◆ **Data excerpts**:
┌────────

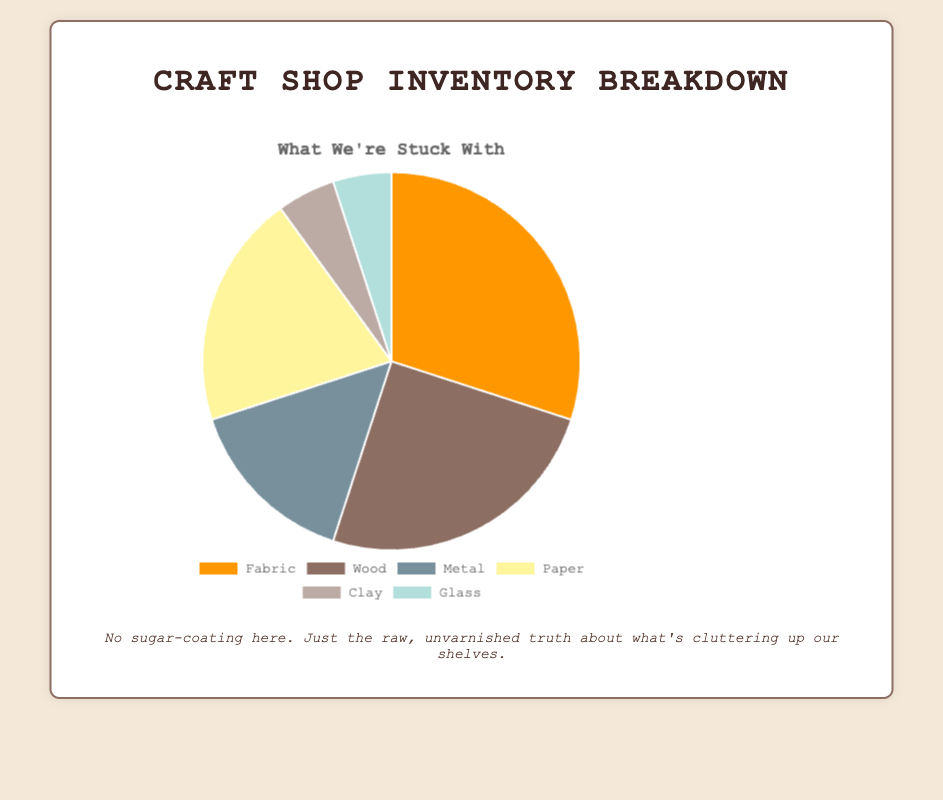What material type makes up the largest percentage of the inventory? The largest percentage is 30%. By looking at all the categories, Fabric has the highest percentage.
Answer: Fabric How much more percentage of the inventory is composed of Fabric than Metal? Fabric comprises 30% and Metal 15%. To find the difference, subtract 15 from 30: 30% - 15% = 15%.
Answer: 15% What percentage of the inventory is made up of Clay and Glass combined? Clay is 5% and Glass is 5%. Adding them together, 5% + 5% = 10%.
Answer: 10% Which material type has the lowest percentage in the inventory, and what is that percentage? Both Clay and Glass have the lowest percentages, each at 5%.
Answer: Clay and Glass, 5% Is the percentage of Paper in the inventory greater than the percentage of Wood? Paper is 20% and Wood is 25%. Thus, Wood is greater.
Answer: No How many material types make up at least 20% of the inventory each? Fabric is 30%, Wood is 25%, and Paper is 20%. Count them: 3 material types.
Answer: 3 What is the average percentage of the inventory for the materials Wood and Paper? Wood is 25% and Paper is 20%. The average percentage is (25% + 20%) / 2 = 22.5%.
Answer: 22.5% Which materials share the same percentage of the inventory, and what color are they represented by in the chart? Clay and Glass both are 5%. Clay is typically represented by a beige-like color and Glass by a teal-like color.
Answer: Clay and Glass, beige and teal If you combine Fabric, Wood, and Paper, what percentage of the total inventory do they make up? Add Fabric (30%), Wood (25%), and Paper (20%): 30% + 25% + 20% = 75%.
Answer: 75% Is Metal's percentage in the inventory more than the combined percentage of Clay and Glass? Metal is 15%, and the combined percentage of Clay and Glass is 5% + 5% = 10%. Hence, Metal's percentage is more.
Answer: Yes

└────────

◆ **Exercise requirements**: This exercise asks for an exact repeat of the lines from the one holding "Answer: Clay and Glass, beige" through the end of the data above.

◆ **Exercise response**:
Answer: Clay and Glass, beige and teal If you combine Fabric, Wood, and Paper, what percentage of the total inventory do they make up? Add Fabric (30%), Wood (25%), and Paper (20%): 30% + 25% + 20% = 75%.
Answer: 75% Is Metal's percentage in the inventory more than the combined percentage of Clay and Glass? Metal is 15%, and the combined percentage of Clay and Glass is 5% + 5% = 10%. Hence, Metal's percentage is more.
Answer: Yes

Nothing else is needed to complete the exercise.